Даже репрессия внедряется в качестве знака в этот универсум симуляции. Репрессия, ставшая устрашением, это лишь еще один знак в универсуме убеждения. Само видеонаблюдение является частью декора симулякров. Совершенный надзор на всех точках мог бы потребовать более тяжелого устройства контроля и более возвышенного, чем сам магазин. Это не было бы рентабельно. Таким образом, это намек на репрессию, «создатель знака» этого порядка, помещенный там на свое место; тогда этот знак может сосуществовать со всеми другими, и даже с инвертированным императивом, например, с тем, который выражают огромные щиты, приглашающие вас расслабиться и сделать выбор с полным беспристрастием. Эти щиты, в действительности, выслеживают и наблюдают за вами, так же хорошо, так же незаметно, как и «полицейское» телевидение. Оно вас смотрит, вы сами себя в нем смотрите, вперемешку с остальными, это зеркало без оловянной амальгамы потребительской активности, игра раздвоения и удвоения, которая замыкает мир на самом себе.

Гиперрынок неотделим от автодорог, которые усыпают и питают его, от паркингов, усеянных автомобилями, от компьютерного терминала — и еще дальше, по концентрическим окружностям — от целого города, являющегося тотальным функциональным экраном активности. Гиперрынок похож на большой монтажный завод, и более чем, вместо того, чтобы быть связанными с рабочей цепочкой рациональным постоянным принуждением, агенты (или пациенты), мобильные и децентрированные, создают впечатление, будто проходят от одного к другому звену цепи по случайным путям. Расписание, выбор, покупка тоже случайны, в отличие от практик работы. Но, тем не менее, речь идет о цепи, о программатической дисциплине, чьи запреты стерты за поволокой толерантности, легкости и гиперреальности. Гиперрынок это уже, за пределами завода и традиционных институтов капитала, модель всякой будущей контролируемой социализации: повторная тотализация в гомогенное пространство-время всех рассеянных функций тела и социальной жизни (работа, досуг, пища, гигиена, транспорт, медиа, культура); повторный перевод всех противоречивых потоков в термины интегрированных кругов; пространство-время целой операциональной симуляции социальной жизни, целой структуры жилищной зоны и незаконной торговли.

Модель управляемой антиципации, гиперрынок (в Соединенных Штатах особенно) предшествует агломерации; именно он создает агломерацию, тогда как традиционный рынок находился в сердце населенного пункта, месте, куда и город и деревня вместе прокладывали путь.

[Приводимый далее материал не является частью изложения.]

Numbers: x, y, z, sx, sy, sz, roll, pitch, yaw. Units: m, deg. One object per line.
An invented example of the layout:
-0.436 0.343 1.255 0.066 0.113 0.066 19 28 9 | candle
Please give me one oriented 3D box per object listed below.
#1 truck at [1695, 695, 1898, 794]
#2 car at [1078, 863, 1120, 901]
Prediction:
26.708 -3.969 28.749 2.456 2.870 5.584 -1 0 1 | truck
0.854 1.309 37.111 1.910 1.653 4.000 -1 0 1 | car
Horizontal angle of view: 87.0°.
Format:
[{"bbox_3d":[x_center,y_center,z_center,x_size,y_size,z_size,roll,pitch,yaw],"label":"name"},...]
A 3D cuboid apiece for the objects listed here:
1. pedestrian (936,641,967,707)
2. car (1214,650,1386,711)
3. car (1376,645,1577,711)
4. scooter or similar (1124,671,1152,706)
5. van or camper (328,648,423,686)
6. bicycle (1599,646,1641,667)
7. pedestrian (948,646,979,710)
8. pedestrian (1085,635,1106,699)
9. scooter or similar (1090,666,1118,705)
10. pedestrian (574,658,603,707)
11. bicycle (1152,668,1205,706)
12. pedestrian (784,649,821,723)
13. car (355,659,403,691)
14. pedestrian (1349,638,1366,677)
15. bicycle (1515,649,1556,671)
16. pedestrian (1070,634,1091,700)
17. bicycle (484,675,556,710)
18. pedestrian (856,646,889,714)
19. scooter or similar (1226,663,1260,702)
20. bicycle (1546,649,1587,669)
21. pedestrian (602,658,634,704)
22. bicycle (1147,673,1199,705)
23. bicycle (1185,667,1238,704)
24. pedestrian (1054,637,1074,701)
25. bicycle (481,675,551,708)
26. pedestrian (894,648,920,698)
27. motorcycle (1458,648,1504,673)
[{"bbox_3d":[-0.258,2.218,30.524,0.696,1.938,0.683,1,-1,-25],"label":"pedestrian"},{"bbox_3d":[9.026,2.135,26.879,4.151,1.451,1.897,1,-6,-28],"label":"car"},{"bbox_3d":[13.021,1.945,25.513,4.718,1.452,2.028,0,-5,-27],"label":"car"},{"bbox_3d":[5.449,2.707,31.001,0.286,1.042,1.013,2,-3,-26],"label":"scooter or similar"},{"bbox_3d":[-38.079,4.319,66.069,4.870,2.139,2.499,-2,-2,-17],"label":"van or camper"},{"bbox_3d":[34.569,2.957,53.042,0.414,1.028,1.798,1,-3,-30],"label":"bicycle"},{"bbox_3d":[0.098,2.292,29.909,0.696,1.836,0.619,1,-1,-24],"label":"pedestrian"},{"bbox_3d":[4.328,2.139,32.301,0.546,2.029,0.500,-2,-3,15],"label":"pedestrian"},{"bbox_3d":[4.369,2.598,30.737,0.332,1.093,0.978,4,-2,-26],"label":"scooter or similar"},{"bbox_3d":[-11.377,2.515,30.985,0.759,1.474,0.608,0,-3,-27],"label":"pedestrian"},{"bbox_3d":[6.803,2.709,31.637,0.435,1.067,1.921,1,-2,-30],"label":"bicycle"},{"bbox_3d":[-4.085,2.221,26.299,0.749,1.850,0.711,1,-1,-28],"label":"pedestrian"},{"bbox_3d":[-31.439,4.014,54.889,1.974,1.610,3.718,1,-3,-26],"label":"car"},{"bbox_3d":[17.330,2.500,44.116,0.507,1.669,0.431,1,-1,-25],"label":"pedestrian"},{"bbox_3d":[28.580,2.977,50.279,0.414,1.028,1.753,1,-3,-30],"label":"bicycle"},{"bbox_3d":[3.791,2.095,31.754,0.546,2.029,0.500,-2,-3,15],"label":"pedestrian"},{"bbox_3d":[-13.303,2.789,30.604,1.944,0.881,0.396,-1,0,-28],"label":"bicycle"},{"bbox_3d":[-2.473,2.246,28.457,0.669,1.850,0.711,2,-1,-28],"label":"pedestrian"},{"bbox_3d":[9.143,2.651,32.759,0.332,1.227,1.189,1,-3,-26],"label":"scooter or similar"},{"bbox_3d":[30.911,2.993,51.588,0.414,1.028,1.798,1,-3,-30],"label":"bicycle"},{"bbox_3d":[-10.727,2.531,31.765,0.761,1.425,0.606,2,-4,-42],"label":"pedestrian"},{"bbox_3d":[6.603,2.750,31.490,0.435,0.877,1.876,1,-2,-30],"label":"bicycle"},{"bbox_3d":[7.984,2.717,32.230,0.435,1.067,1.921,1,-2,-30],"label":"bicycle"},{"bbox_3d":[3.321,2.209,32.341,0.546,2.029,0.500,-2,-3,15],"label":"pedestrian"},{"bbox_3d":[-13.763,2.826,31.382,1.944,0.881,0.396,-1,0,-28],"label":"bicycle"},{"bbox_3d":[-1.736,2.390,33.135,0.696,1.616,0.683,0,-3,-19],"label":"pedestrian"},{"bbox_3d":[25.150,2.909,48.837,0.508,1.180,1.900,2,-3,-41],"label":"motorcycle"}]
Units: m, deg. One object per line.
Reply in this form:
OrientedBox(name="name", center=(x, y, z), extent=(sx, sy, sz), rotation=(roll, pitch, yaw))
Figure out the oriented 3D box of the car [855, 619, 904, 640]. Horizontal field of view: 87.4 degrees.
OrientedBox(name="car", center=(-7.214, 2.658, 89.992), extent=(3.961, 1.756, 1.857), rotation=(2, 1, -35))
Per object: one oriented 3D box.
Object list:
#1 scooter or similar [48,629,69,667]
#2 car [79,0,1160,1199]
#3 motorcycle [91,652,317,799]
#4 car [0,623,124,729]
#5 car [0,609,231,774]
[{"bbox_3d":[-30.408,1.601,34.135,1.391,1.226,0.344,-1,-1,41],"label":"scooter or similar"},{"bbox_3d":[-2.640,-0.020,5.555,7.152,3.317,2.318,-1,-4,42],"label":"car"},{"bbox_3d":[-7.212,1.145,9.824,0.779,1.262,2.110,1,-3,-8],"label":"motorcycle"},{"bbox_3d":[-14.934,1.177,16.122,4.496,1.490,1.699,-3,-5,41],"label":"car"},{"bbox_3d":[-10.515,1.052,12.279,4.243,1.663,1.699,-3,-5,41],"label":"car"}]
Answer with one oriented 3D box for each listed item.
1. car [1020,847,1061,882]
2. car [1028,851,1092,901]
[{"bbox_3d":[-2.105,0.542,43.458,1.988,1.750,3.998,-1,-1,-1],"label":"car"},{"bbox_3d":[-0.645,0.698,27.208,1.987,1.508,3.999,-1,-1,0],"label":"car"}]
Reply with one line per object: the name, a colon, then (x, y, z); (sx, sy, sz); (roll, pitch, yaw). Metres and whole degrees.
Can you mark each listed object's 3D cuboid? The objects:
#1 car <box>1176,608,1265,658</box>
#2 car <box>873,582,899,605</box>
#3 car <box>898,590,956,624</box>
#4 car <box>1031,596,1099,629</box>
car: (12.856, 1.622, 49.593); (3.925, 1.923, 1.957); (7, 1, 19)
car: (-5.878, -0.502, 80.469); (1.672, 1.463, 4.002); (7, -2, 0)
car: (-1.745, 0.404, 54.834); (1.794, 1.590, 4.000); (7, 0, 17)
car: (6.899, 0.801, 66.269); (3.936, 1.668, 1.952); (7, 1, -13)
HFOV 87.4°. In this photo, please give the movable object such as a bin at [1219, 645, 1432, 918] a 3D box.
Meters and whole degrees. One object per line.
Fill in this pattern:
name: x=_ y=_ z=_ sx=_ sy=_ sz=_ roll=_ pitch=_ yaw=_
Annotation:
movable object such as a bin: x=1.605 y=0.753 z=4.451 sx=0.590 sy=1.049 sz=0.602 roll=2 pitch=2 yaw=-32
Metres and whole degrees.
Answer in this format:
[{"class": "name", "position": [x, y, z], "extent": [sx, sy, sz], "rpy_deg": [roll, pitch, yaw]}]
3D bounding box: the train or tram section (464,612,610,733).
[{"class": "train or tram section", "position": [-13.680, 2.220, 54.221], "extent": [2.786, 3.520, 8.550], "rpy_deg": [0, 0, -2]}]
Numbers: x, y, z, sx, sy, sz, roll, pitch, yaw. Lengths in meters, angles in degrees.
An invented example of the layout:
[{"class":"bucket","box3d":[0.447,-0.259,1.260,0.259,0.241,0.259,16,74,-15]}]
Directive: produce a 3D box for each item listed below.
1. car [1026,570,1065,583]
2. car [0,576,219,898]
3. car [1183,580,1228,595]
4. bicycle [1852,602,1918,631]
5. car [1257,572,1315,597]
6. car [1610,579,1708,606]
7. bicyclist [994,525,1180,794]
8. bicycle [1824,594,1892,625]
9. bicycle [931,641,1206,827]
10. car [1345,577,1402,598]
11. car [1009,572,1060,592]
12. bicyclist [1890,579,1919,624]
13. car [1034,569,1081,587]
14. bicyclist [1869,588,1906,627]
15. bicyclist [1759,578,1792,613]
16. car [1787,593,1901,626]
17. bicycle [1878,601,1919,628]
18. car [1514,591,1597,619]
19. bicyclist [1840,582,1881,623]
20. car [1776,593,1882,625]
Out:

Гиперрынок это выражение целого образа жизни, в котором исчезла не только деревня, но и город, чтобы уступить место «агломерации» — урбанистический функциональный zoning полностью оборудованный системой сигнализации, чьим эквивалентом он и является, микромодель с точки зрения потребления. Но его роль выходит далеко за пределы «потребления», а предметы там не относятся больше к специфической реальности: главенствует их серийная компоновка, циркулярная, красочная, будущая модель социальных отношений.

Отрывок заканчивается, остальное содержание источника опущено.